Immunoregulatory/immune escape mechanisms associated with CSCs

Resistance of cancer cells to CTL-mediated immunotherapyResistance to targeted anti-cancer therapeutics. Benjamin Bonavida, Salem Chouaib (Eds). Springer International Publishing Switzerland (2015)

CSCs not only represent poor target cells for anti-tumor immune responses but they also display immune-regulatory properties. This indication originates from a variety of reports showing that these cells can secrete cytokines and soluble suppressive factors, such as Galectin-3, TGFβ, IL-10, IL-13, PGE2, PD-1, B7-H1, B7-H3, B7-H4, and GDF-15 [122, 157–161] (Table 1.2 and Fig. 1.2). The immunosuppressive activity of cancer initiating cells has been recently described both in GBM and melanoma, showing that CSC-like cells can inhibit T cell activation and proliferation by the induction of Tregs [122, 158, 159]. Furthermore, B7-H1, B7-H4, PD-1 and PD-L1 can be detected on CSCs from both GBM and CRC; these molecules inhibit T cell activation and proliferation following their encountering with CSCs, with implication for cell-mediated immunesurveillance of tumors (Table 1.2 and Fig. 1.2) [121, 123].

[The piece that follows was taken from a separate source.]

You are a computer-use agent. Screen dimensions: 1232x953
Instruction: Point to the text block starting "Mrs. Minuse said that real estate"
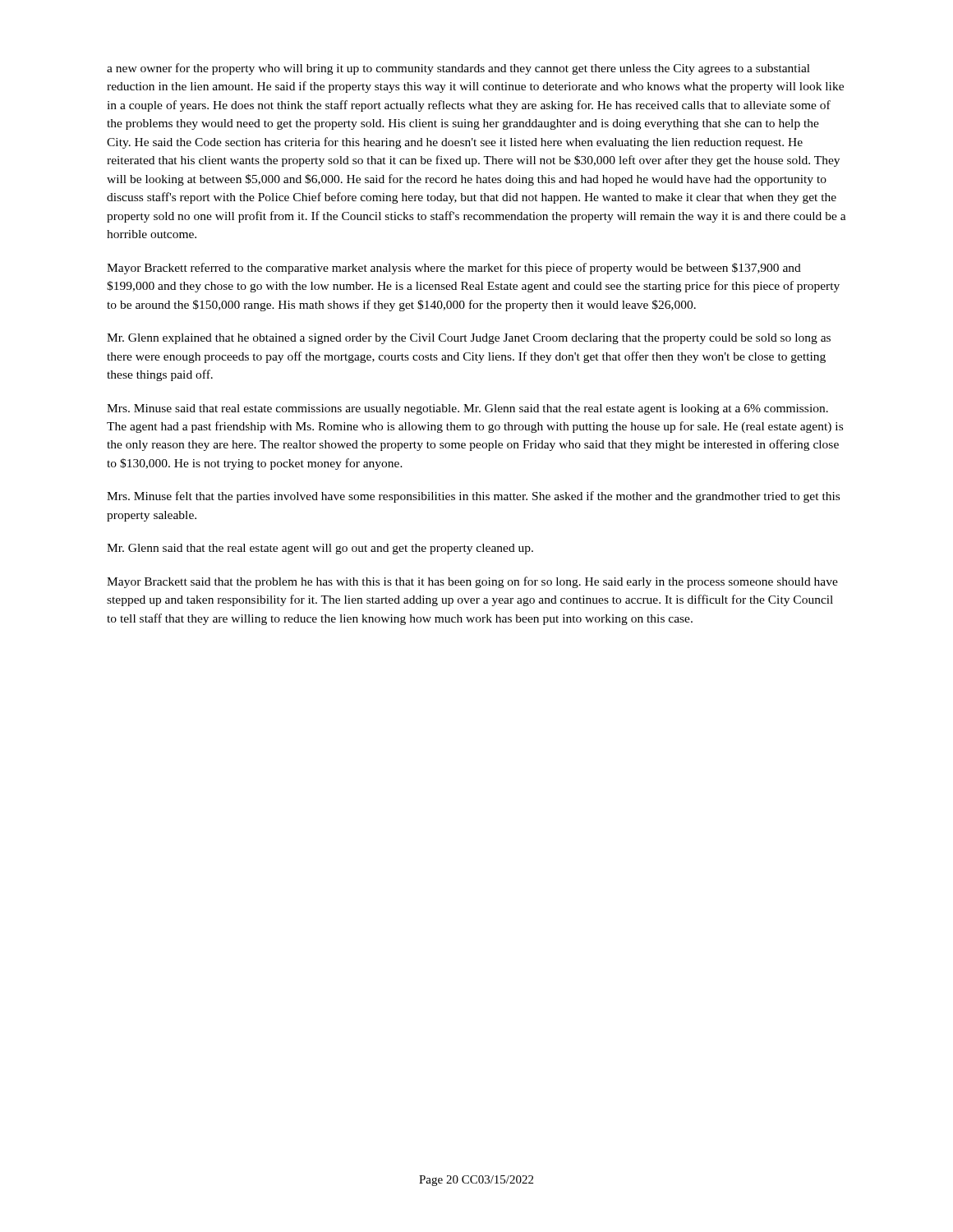click(x=475, y=435)

Table 1.2. Immunomodulatory molecules associated with CSCs

Resistance of Cancer Cells to CTL-Mediated Immunotherapy-Springer International Publishing (2015) T 1.2

Of note, the expression of B7 family members in brain tumor cells, including CSCs, has been related with their immunoresistance to T cell-mediated responses [157, 162]. CRC-CSCs express and secrete IL-4, with higher levels as compared with the autologous non-CSC tumor counterpart, which function is determinant for drug and apoptosis resistance and for the immune evasion of these cells [123, 163]. The membrane-associated IL-4 on CSCs predominantly exerts, by cell-to-cell contact, inhibition of T cell proliferation and of their anti-tumor activity (Table 1.2 and Fig. 1.2) [123]. Furthermore, the neutralization of this cytokine, by specific monoclonal antibodies, can restore T cell proliferation and anti-tumor activity [123]. In this model, soluble IL-4, though released by CRC-CSCs, leads only to partial in vitro inhibition of T cell reactivity [123]. Therefore, the blocking of IL-4 on CSCs can overcome at least one of the negative immunomodulatory activities of these cells and can rescue the activation and proliferation of both T and NK cells [123, 149]. These observations are in line with the demonstration that IL-4 signaling is a relevant key regulator for epithelial tumor behavior and lack of responsiveness to standard therapies [163, 164].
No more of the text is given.